As with Nearest and Dearest, much of the comedy stemmed from Baker's malapropisms and partially improvised Northern humour, and Not On Your Nellie was essentially a new version (and equivalent) of Nearest and Dearest in a different location. Unfortunately this issue was not helped by the fact that Bottomley and Brennand recycled many of their old gags - and even their entire scripts - from Nearest and Dearest (this can be seen most prominently in the 1975 episode "Feeling The Draught" which was a remake of their 1969 Nearest and Dearest episode "Two Pennies To Rub Together").

The series also allowed Baker, a veteran of comedy, theatre, and music hall, to exhibit more of her stage abilities such as singing, clog dancing, and piano playing, and she wrote and performed the series' occasional end title theme song.

Despite the similarities, Not On Your Nellie did not match the success of Nearest and Dearest. 1975 also saw major cast changes occurred before production of the third series commenced, with Barratt, Raynor, Ali, and Richard all leaving the show to work on other TV projects.
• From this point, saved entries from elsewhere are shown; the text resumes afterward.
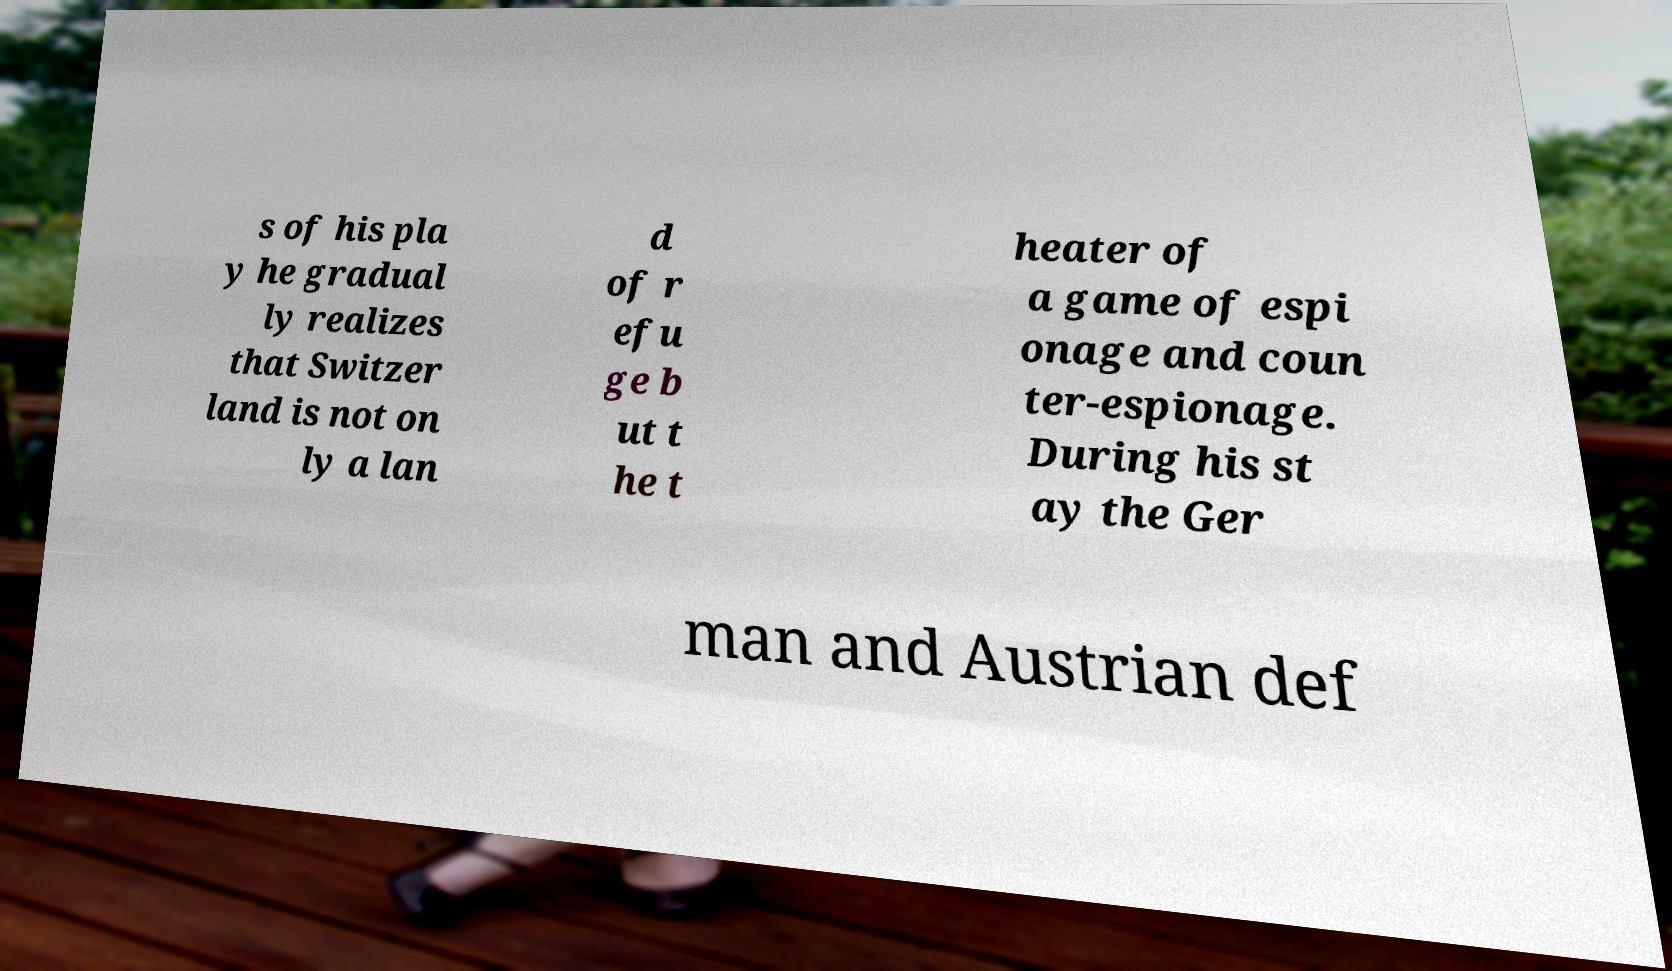For documentation purposes, I need the text within this image transcribed. Could you provide that? s of his pla y he gradual ly realizes that Switzer land is not on ly a lan d of r efu ge b ut t he t heater of a game of espi onage and coun ter-espionage. During his st ay the Ger man and Austrian def 
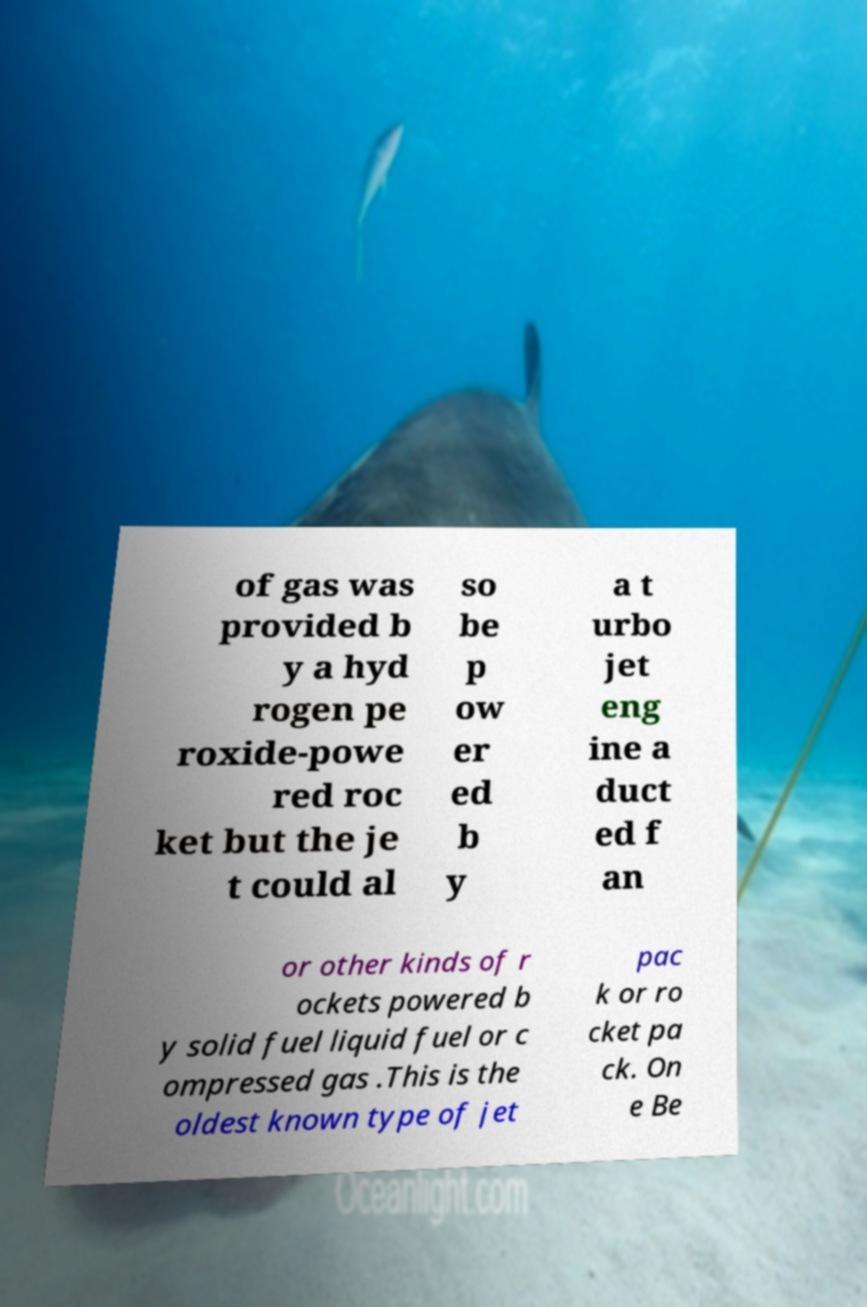For documentation purposes, I need the text within this image transcribed. Could you provide that? of gas was provided b y a hyd rogen pe roxide-powe red roc ket but the je t could al so be p ow er ed b y a t urbo jet eng ine a duct ed f an or other kinds of r ockets powered b y solid fuel liquid fuel or c ompressed gas .This is the oldest known type of jet pac k or ro cket pa ck. On e Be 
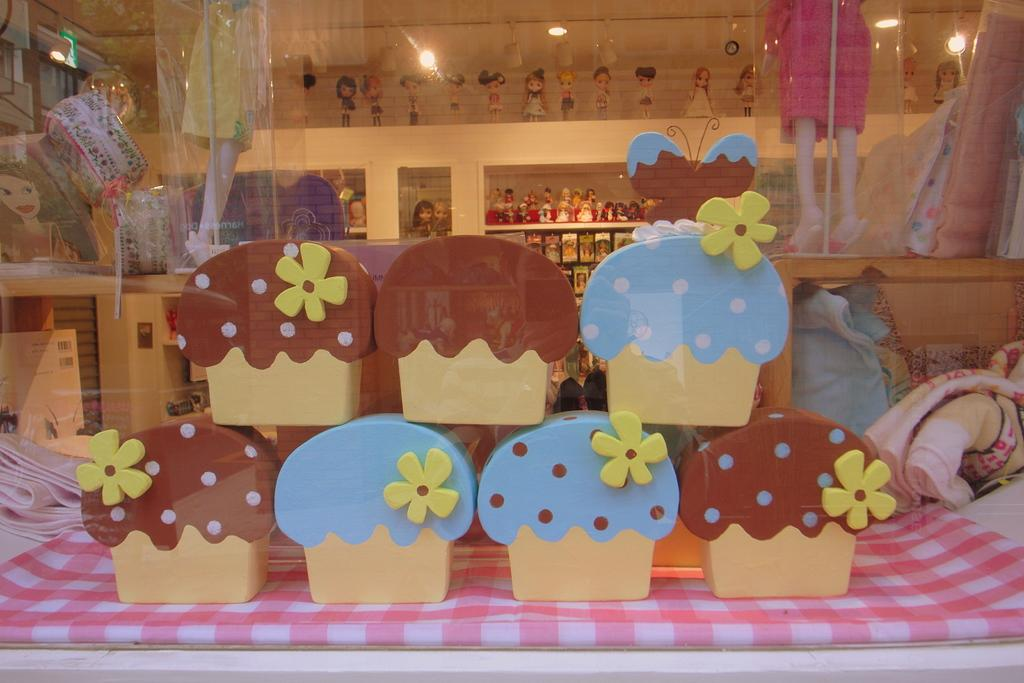What is located on the table in the image? There are objects on the table in the image. What can be seen in the background of the image? There are lights visible in the background. What type of items are stored in the background? There are toys in racks in the background. What type of lace is draped over the table in the image? There is no lace present in the image. What type of flag is visible in the background of the image? There is no flag visible in the image. 
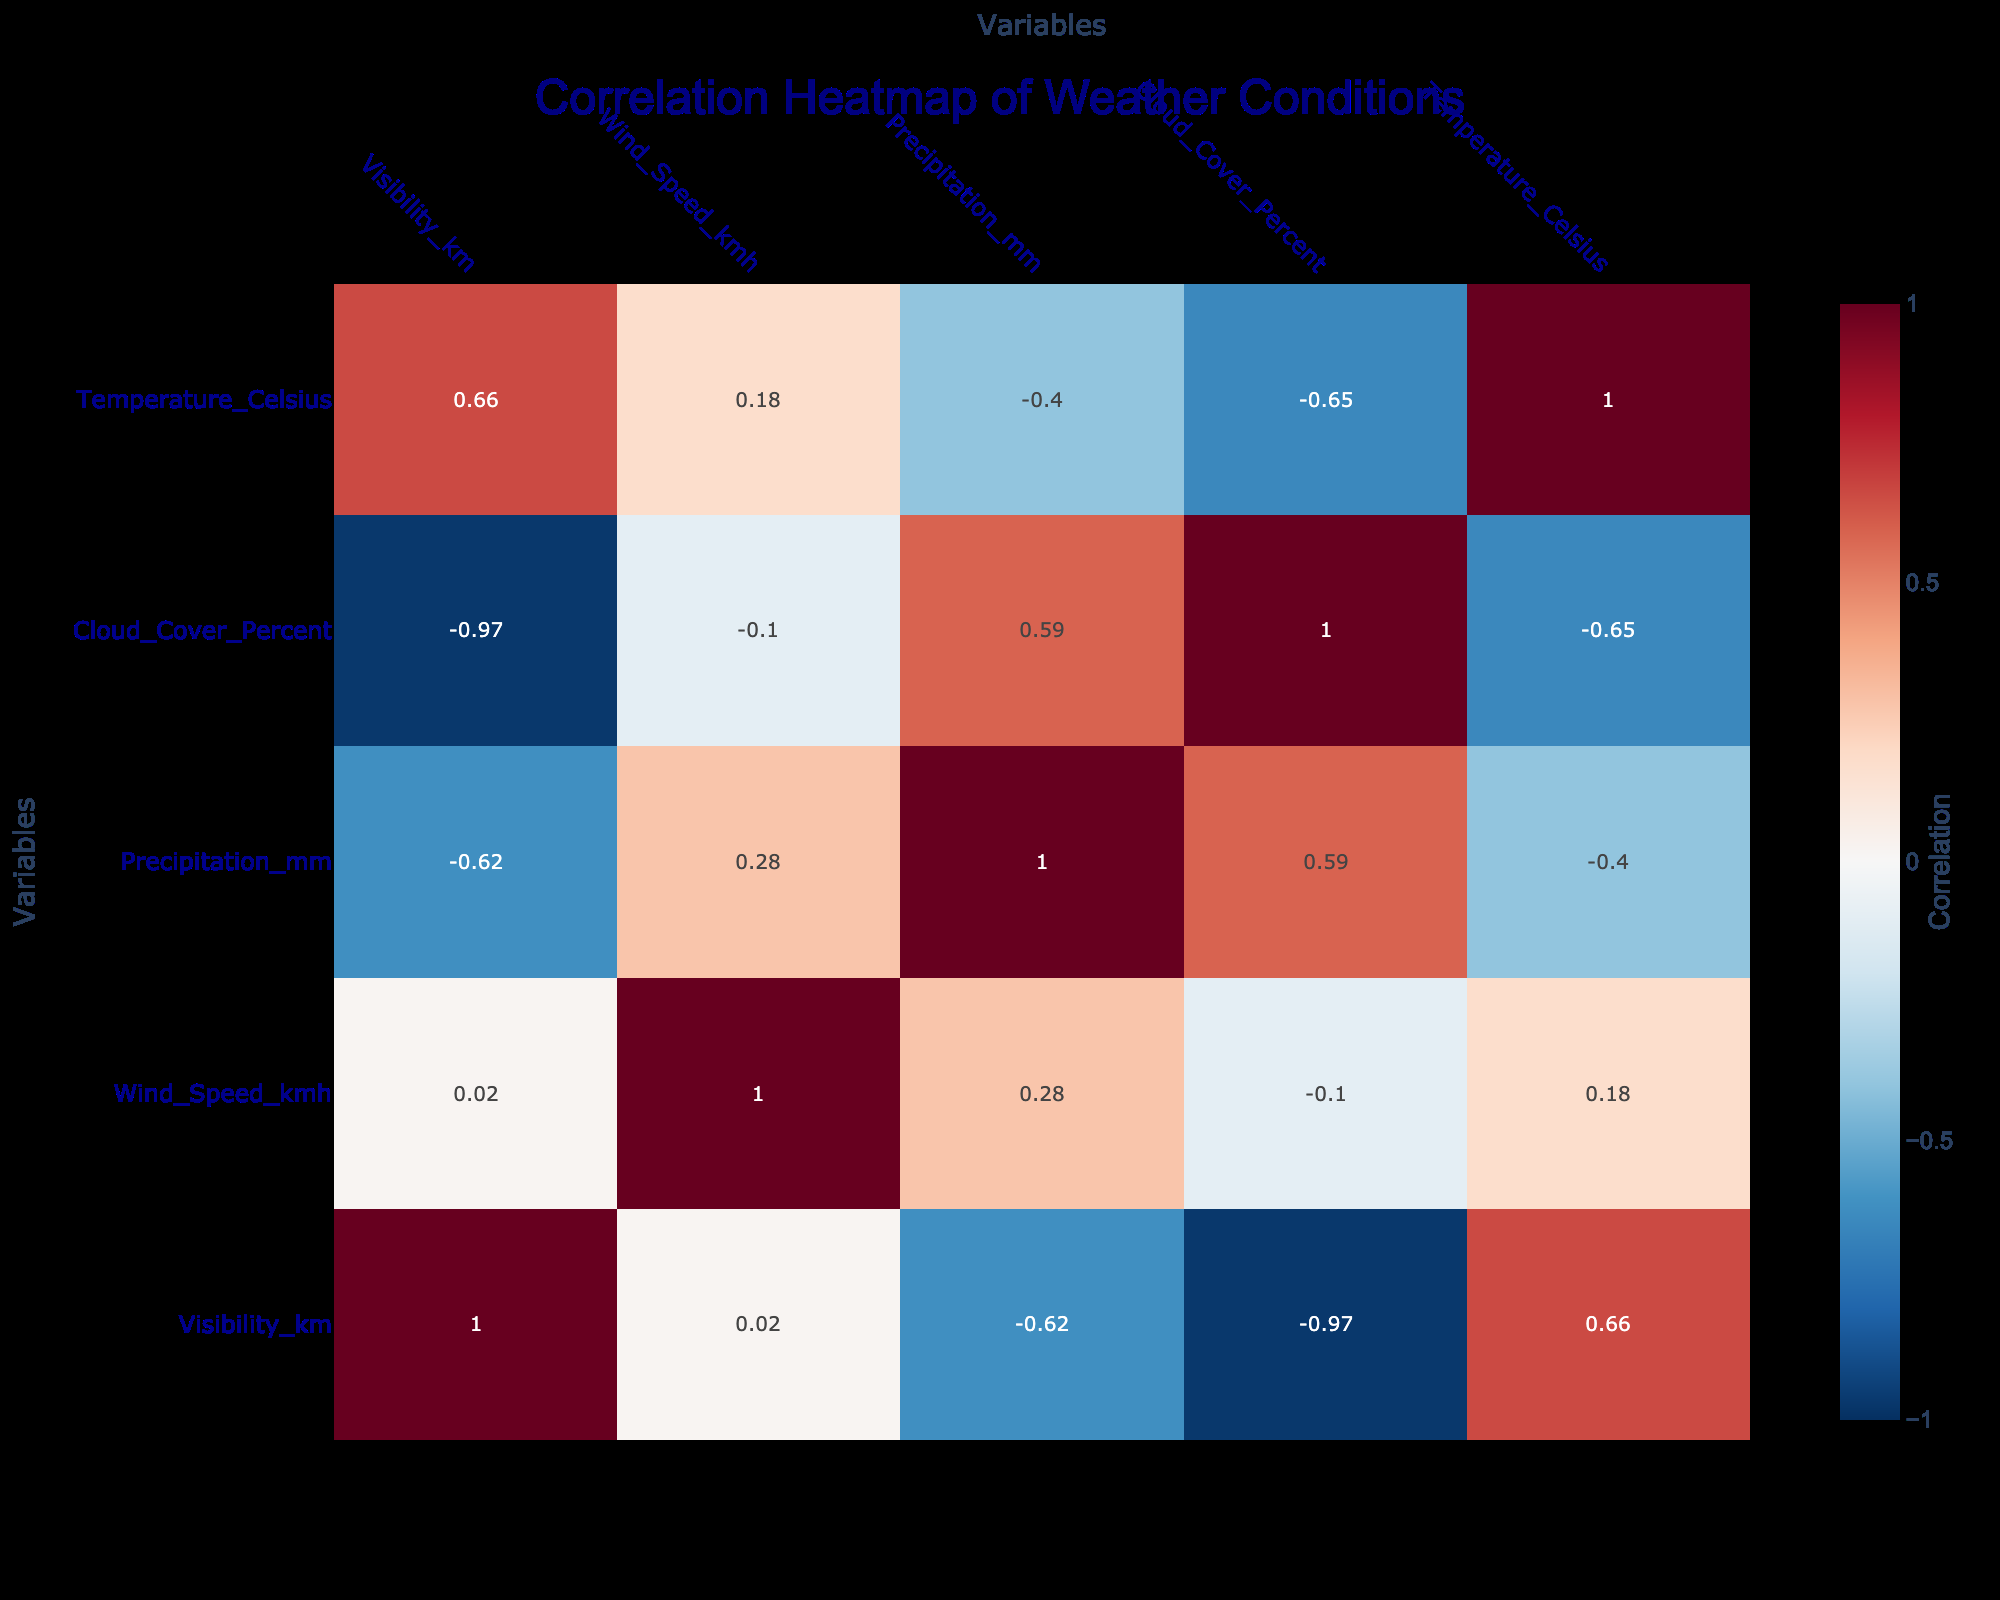What is the correlation between visibility and wind speed? From the correlation table, the value that represents the correlation between visibility (km) and wind speed (km/h) appears in the row for visibility and column for wind speed. This correlation value is -0.16, indicating a slight negative correlation between these two variables.
Answer: -0.16 Which weather condition has the highest correlation with decision to cancel flight? To determine this, we look at the correlation values in the table related to decision-making and find the weather condition that shows the strongest positive or negative correlation with the "Cancel Flight" decision. Fog and Snow are shown to correlate most negatively with "Cancel Flight," with values of -0.94 for Fog and -0.80 for Snow. Thus, Fog has the highest correlation.
Answer: Fog Is there a strong correlation between precipitation and the decision made? Examining the table, the correlation value between precipitation (mm) and decision is -0.76, which indicates a fairly strong negative correlation. This suggests that as precipitation increases, the likelihood of certain decisions, like delaying or canceling flights, also increases.
Answer: Yes What is the average correlation of weather conditions with pilot decisions? To calculate this average, we sum the correlation values for all weather conditions listed and divide by the number of these values. The sum is -0.16 + -0.94 + -0.76 + -0.80 + -0.50 + 0 + -0.34 + 0.15 = -3.55, with 8 values total, giving an average of -3.55 / 8 = -0.44.
Answer: -0.44 Does increased cloud cover correlate positively or negatively with normal flight decisions? Looking at the correlation values, the relationship between cloud cover percent and normal decisions is negative, with a value of -0.72. This indicates that as cloud cover increases, the decision for normal operations decreases significantly.
Answer: Negatively 
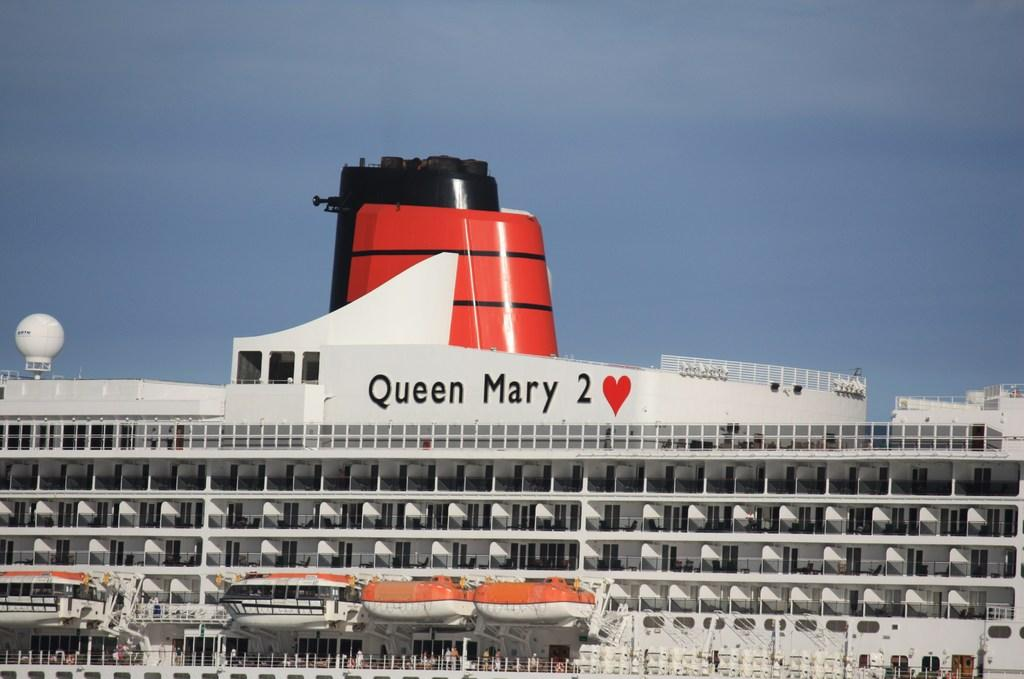What is the main subject of the image? The main subject of the image is a ship. What can be seen in the background of the image? The sky is visible in the image. How many family members are on the ship in the image? There is no information about family members on the ship in the image. What is the size of the appliance on the ship in the image? There is no appliance present on the ship in the image.

Two new characters were brought in to accommodate the changes: including Jack Douglas as Nellie's cousin Stanley and Sue Nicholls as new barmaid Brenda.

During the taping of the third series in 1975, Baker slipped on set and injured herself. Although she appeared in a wheelchair for one episode after the accident, she then left the series and took legal action against London Weekend Television for her injury. One further episode was made without her (where it was explained her character was away in hospital) but the show was then abruptly axed only four episodes into its third series, marking both the end of Baker's time at LWT and her regular television career.

== Episodes ==

=== Series 1 ===
- "Nellie Comes To Town" (15 March 1974)
- "Something in the Night" (22 March 1974)
- "The Anniversary Present" (29 March 1974)
- "The Restless Spirit" (5 April 1974)
- "The Apartment" (12 April 1974)
- "The Wind of Change" (19 April 1974)
- " Bring on the Dancing Girls" (26 April 1974)

=== Series 2 ===
- "Brief Encounter" (24 January 1975)
- "High Society" (31 January 1975)
- "Requiem for a Heavyweight" (7 February 1975)
- "Do Unto Others" (14 February 1975)
- "The Lady with the Lamp" (21 February 1975)
- "Feeling The Draught" (28 February 1975)

=== Series 3 ===
- "Be Prepared" (8 August 1975)
- "A-Haunting We Will Go" (15 August 1975)
- "The French Correction" (22 August 1975)
- "Called to the Bar" (29 August 1975)

==DVD release==
All three series of the show have been released on DVD by Network in the UK. The first series also includes the series finale of Nearest and Dearest as a bonus feature.